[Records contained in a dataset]
*** Begin section ***

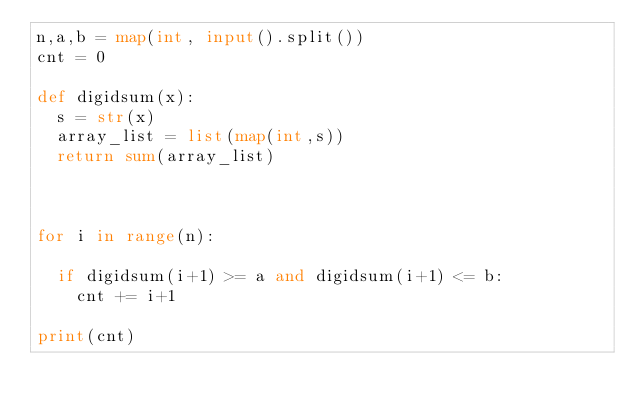Convert code to text. <code><loc_0><loc_0><loc_500><loc_500><_Python_>n,a,b = map(int, input().split())
cnt = 0

def digidsum(x):
  s = str(x)
  array_list = list(map(int,s))
  return sum(array_list)



for i in range(n):

  if digidsum(i+1) >= a and digidsum(i+1) <= b:
    cnt += i+1
    
print(cnt)</code>

*** End section ***

### DIRECTIONS FOR THIS TASK
Repeat each entry above word for word, leaving every picture out.

### ANSWER
Convert code to text. <code><loc_0><loc_0><loc_500><loc_500><_Python_>n,a,b = map(int, input().split())
cnt = 0

def digidsum(x):
  s = str(x)
  array_list = list(map(int,s))
  return sum(array_list)



for i in range(n):

  if digidsum(i+1) >= a and digidsum(i+1) <= b:
    cnt += i+1
    
print(cnt)</code>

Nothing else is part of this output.